If the goal is to maximizes the throughput, users should try MAX_UTILIZATION. However, they need to keep in mind that it may have a negative impact on latency if requests have to be paused.

TensorRT Overlap

Note that this option is now deprecated and only available with the GptManager API.

This option allowed to partition available requests into 2 micro-batches that could be run concurrently and thereby allowed TensorRT-LLM to hide some exposed CPU runtime. However, optimization work has been done to reduce this exposed CPU runtime and it has been found that the concurrent execution of micro-batches did not provide additional benefits in terms of throughput, and in most cases, was hurting latency.

Maximum Attention Window Size

The max_attention_window_size flag sets the maximum number of tokens that are attended to in order to generate one token when using techniques like sliding window attention. See this Document for more details. It defaults to the maximum sequence length (max_input_length + max_output_length when building the engine), which means that the feature is disabled by default.

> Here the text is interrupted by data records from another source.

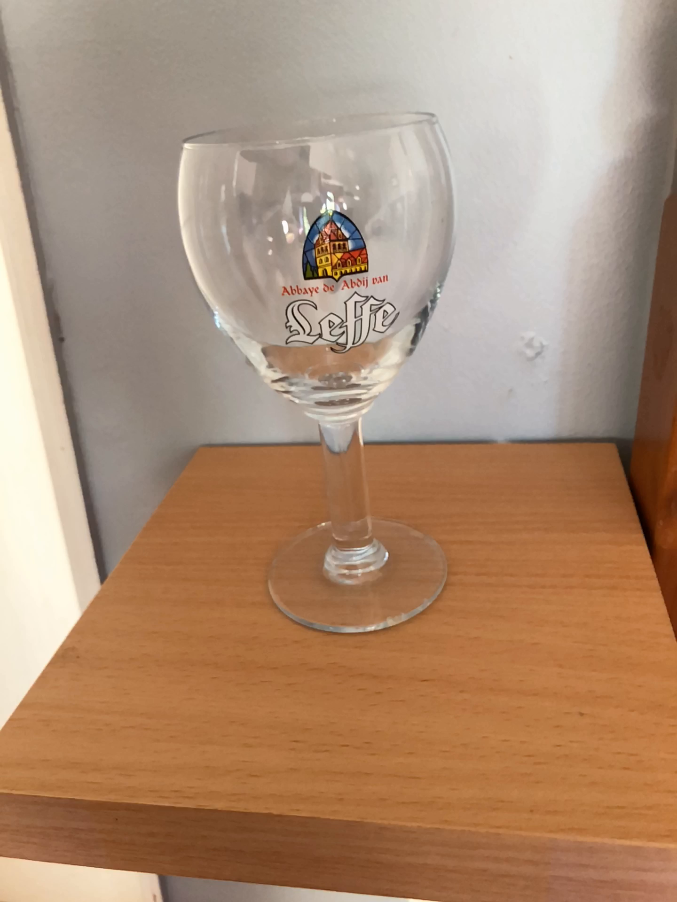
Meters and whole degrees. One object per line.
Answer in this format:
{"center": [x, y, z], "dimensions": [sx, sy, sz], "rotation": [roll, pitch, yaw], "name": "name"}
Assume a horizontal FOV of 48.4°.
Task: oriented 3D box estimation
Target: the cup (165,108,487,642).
{"center": [-0.001, -0.034, 0.304], "dimensions": [0.095, 0.185, 0.100], "rotation": [-3, 23, 1], "name": "cup"}
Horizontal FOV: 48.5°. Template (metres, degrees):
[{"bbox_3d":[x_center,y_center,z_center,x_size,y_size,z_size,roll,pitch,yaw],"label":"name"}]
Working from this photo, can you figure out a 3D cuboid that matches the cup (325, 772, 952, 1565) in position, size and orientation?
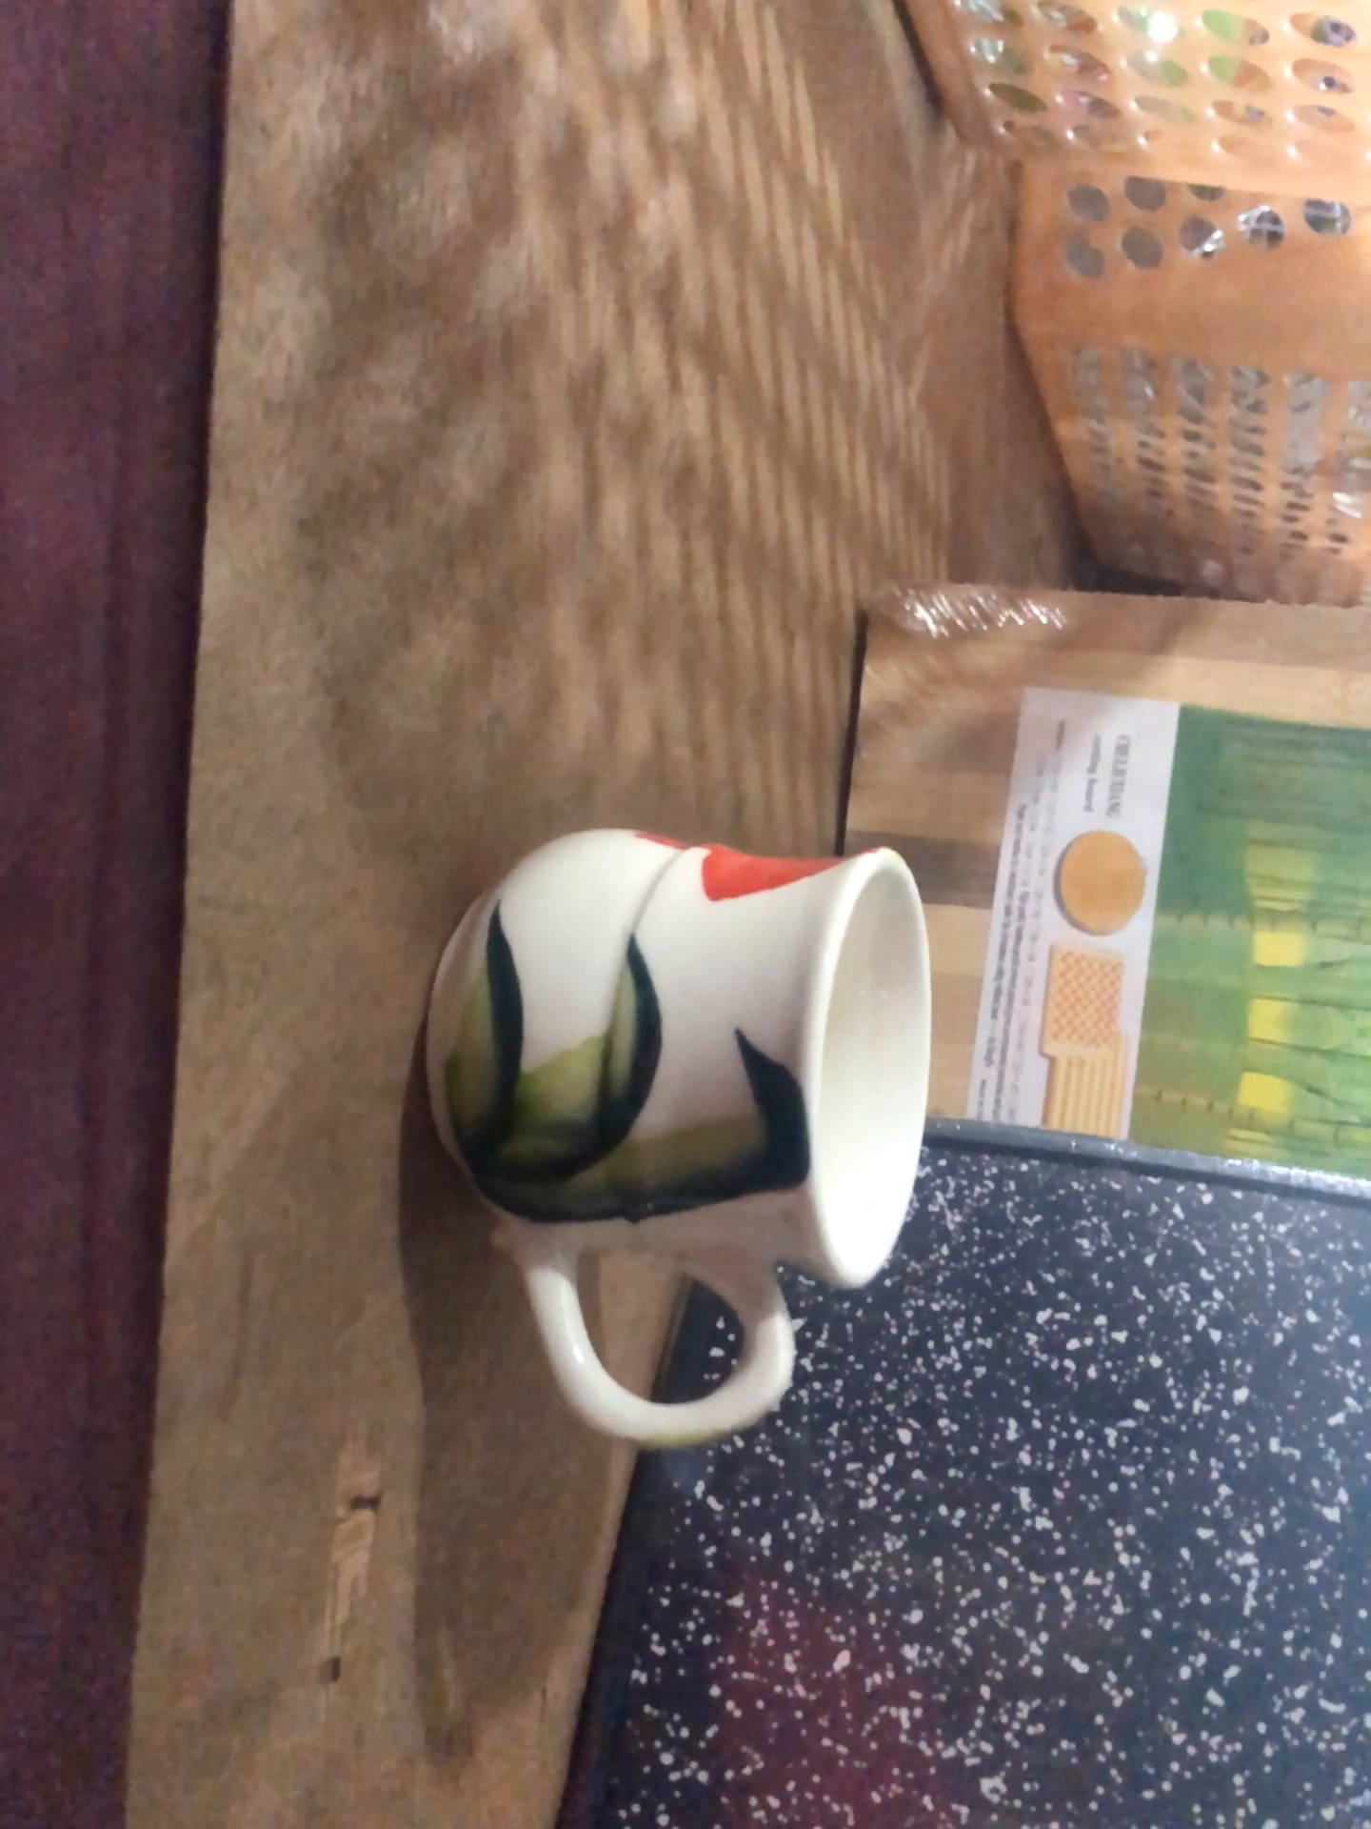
[{"bbox_3d":[-0.002,0.032,0.213,0.060,0.060,0.090,25,69,-67],"label":"cup"}]

When set to a smaller value than max_input_length + max_output_length (during engine build), only the KV cache of the last max_attention_window_size tokens will be stored. If the input sequence length at runtime exceeds the max_attention_window_size value, the accuracy may start dropping, but the runtime performance will be better (due to the reduction in terms of computations and GPU memory allocation). Users can modify that value to increase runtime performance at the expense of reduced accuracy.

Chunked Context

Turning on context chunking by specifying enable_chunked_context in TrtGptModelOptionalParams will increase the chance of batch processing between the context and the generation phase, thereby balancing the calculation amount of each iteration and increasing throughput. When this function is turned on, different performance can be obtained by adjusting max_num_tokens. Usually its recommended value is N * tokens_per_block, and N is an integer that is recommended to start from 1 and increase until the best performance is achieved.